For Dead Reckoning, Mangion transcribed the entire dialogue from the film, transforming spoken exchanges into a textual work. Detached from their original moving-image context, the conversations acquire a new form of presence. Fragments of speech oscillate between the mundane and the profound, between practical discussions about sailing and subtle recollections of migration, uncertainty, and survival. The resulting text exists somewhere between script, testimony, poetry, and document.
The title refers to the navigational technique of determining one's position by calculating distance travelled from a previously known point without direct reference to external markers. Historically associated with maritime travel, dead reckoning carries particular resonance within the context of migration across the Mediterranean, where countless journeys have been undertaken without reliable maps, instruments, or certainty of arrival. As both method and metaphor, the term evokes conditions of disorientation, faith, memory, and endurance.
At the centre of the work lies the Mediterranean itself. Often romanticised as a site of cultural exchange, leisure, and shared history, the sea simultaneously functions as one of the most heavily politicised and contested borders in the world. In Dead Reckoning, the Mediterranean appears not as landscape but as lived experience—a space where radically different histories intersect and where movement is shaped by unequal conditions of freedom, necessity, and risk.
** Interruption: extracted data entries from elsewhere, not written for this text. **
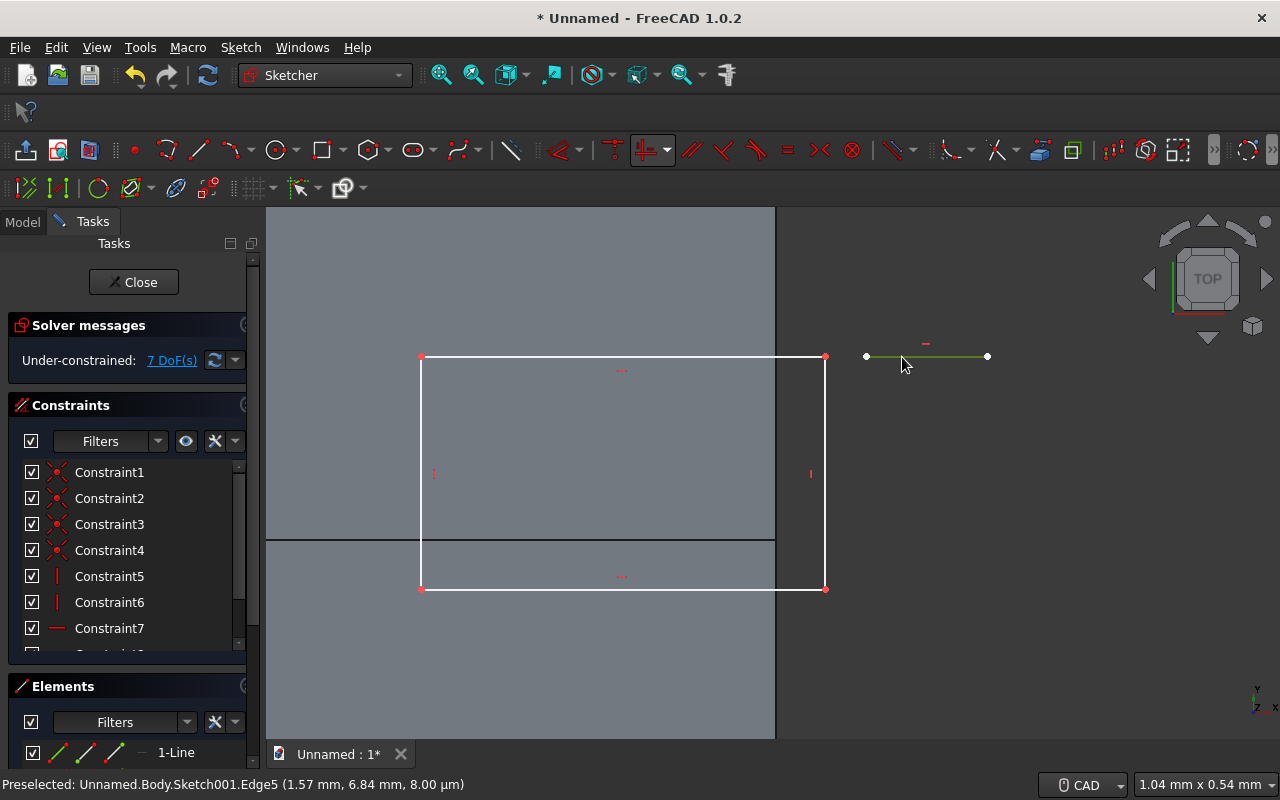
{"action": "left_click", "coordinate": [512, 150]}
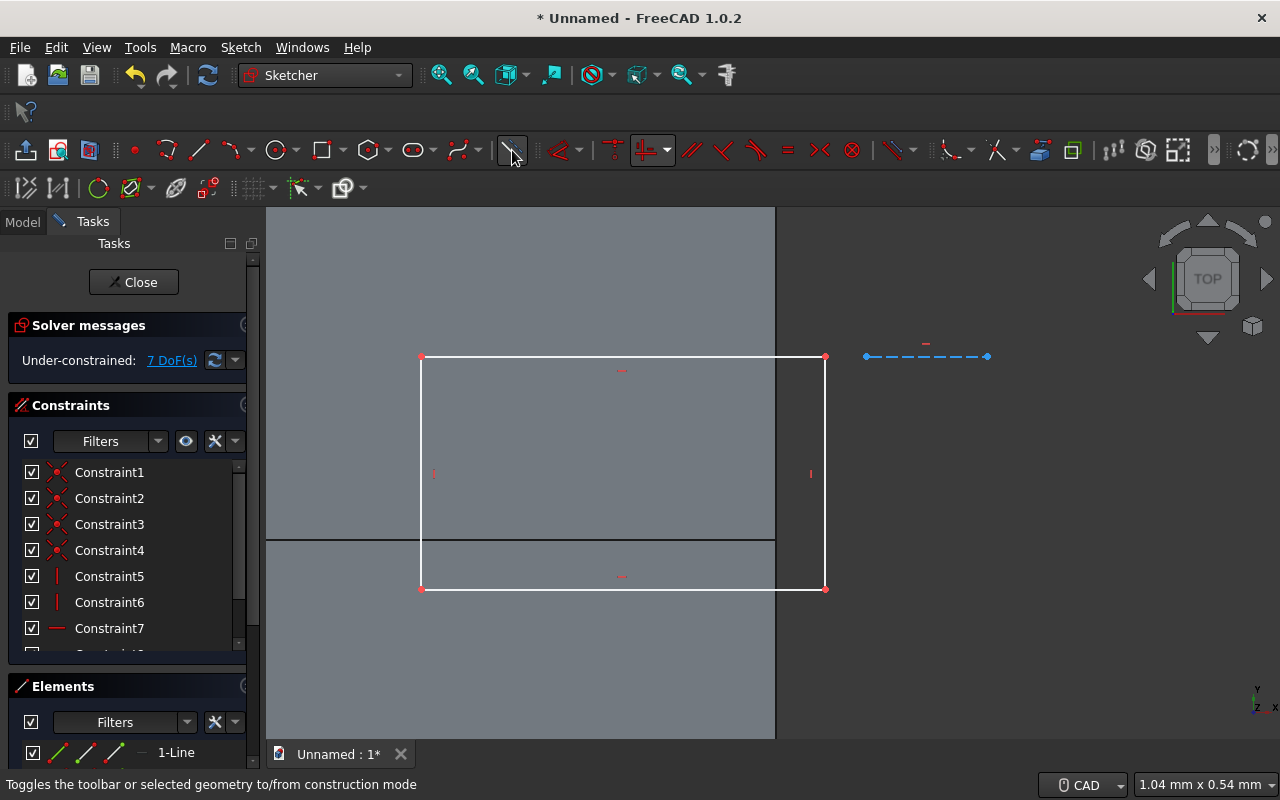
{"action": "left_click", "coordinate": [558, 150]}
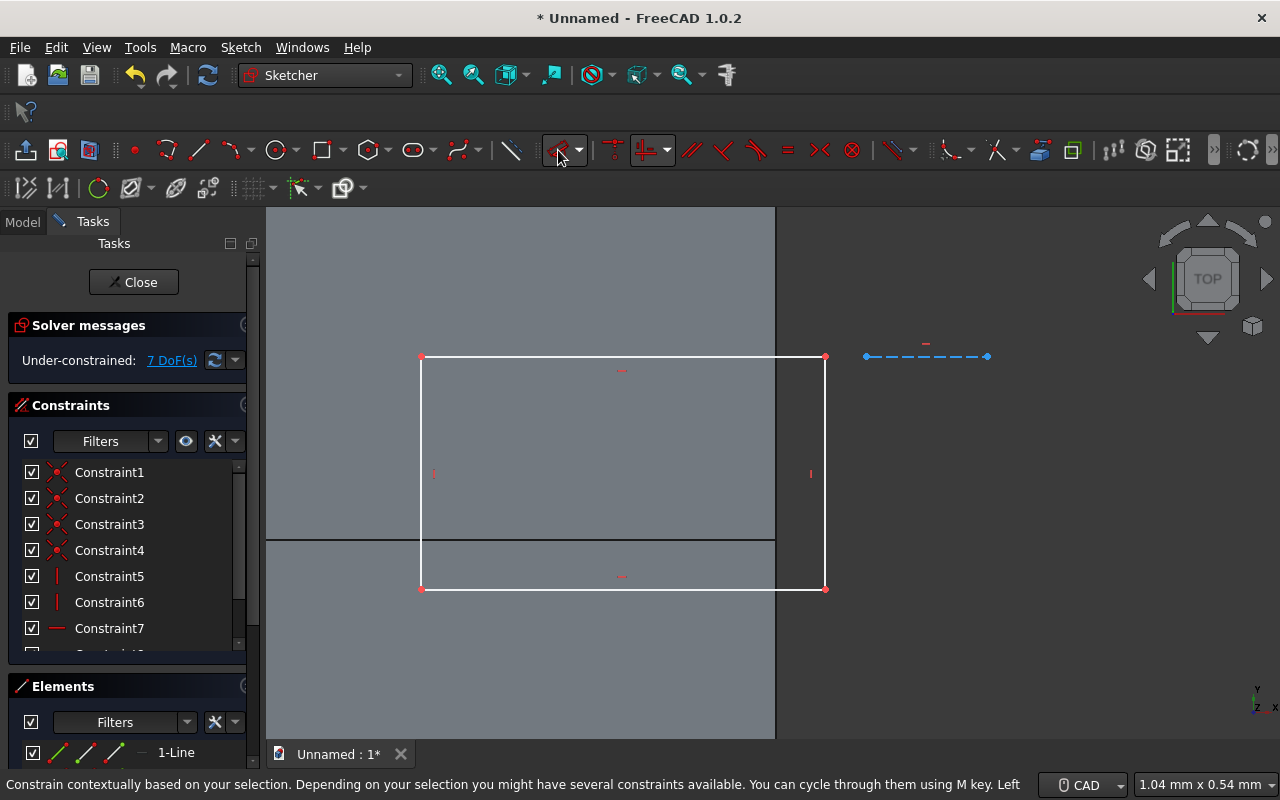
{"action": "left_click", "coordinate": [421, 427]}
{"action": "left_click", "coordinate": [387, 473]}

By translating a filmed encounter into text, Mangion shifts attention away from spectacle and towards language itself. The work resists the visual clichés that often dominate representations of migration, instead foregrounding moments of hesitation, humour, vulnerability, and everyday conversation. Through these seemingly ordinary exchanges, larger questions of displacement, belonging, memory, and identity quietly emerge.
Ultimately, Dead Reckoning reflects on the fragile human realities that exist behind political narratives and statistical abstractions. It proposes the act of navigation not simply as a movement across physical territory, but as an ongoing negotiation with uncertainty. Situated between document and artwork, the piece transforms a conversation at sea into a meditation on migration, memory, and the complex geographies of the contemporary Mediterranean.
Suddeutsche Zeitung Interview with Mangion
"The Mediterranean is my home, even though I currently live in New York and will probably always lead a nomadic life. But I was born in Malta, this tiny and at the time quite isolated island in the Mediterranean, and I associate many childhood memories with the coast and the water."
Almost ten years ago, I began working on a series of films dealing with the topic of migration. I was particularly interested in the role of Malta, which, as a point of entry and transit halfway between Africa and Europe, was drawn into the logic of migration and refugees. When I received the invitation to participate in Edition 46 , I immediately thought of one of these films. It's called The Departure , and I thought that if I adapted and revived this film, perhaps a connection could be drawn between the current situation and a time almost ten years in the past, but relevant to the complex situation we find ourselves in today. At the time, I had invited four Africans to learn to sail; men who had come to Malta across the Mediterranean a few years earlier. The sailing trip was their first direct contact with the sea since their escape ; they were back on the water. I transcribed parts of this film and put them into dialogue form. The short scene is called "Dead Reckoning" and is partly banal and funny because the men have to deal with the boat, but also sad because they are reminded of what they have been through.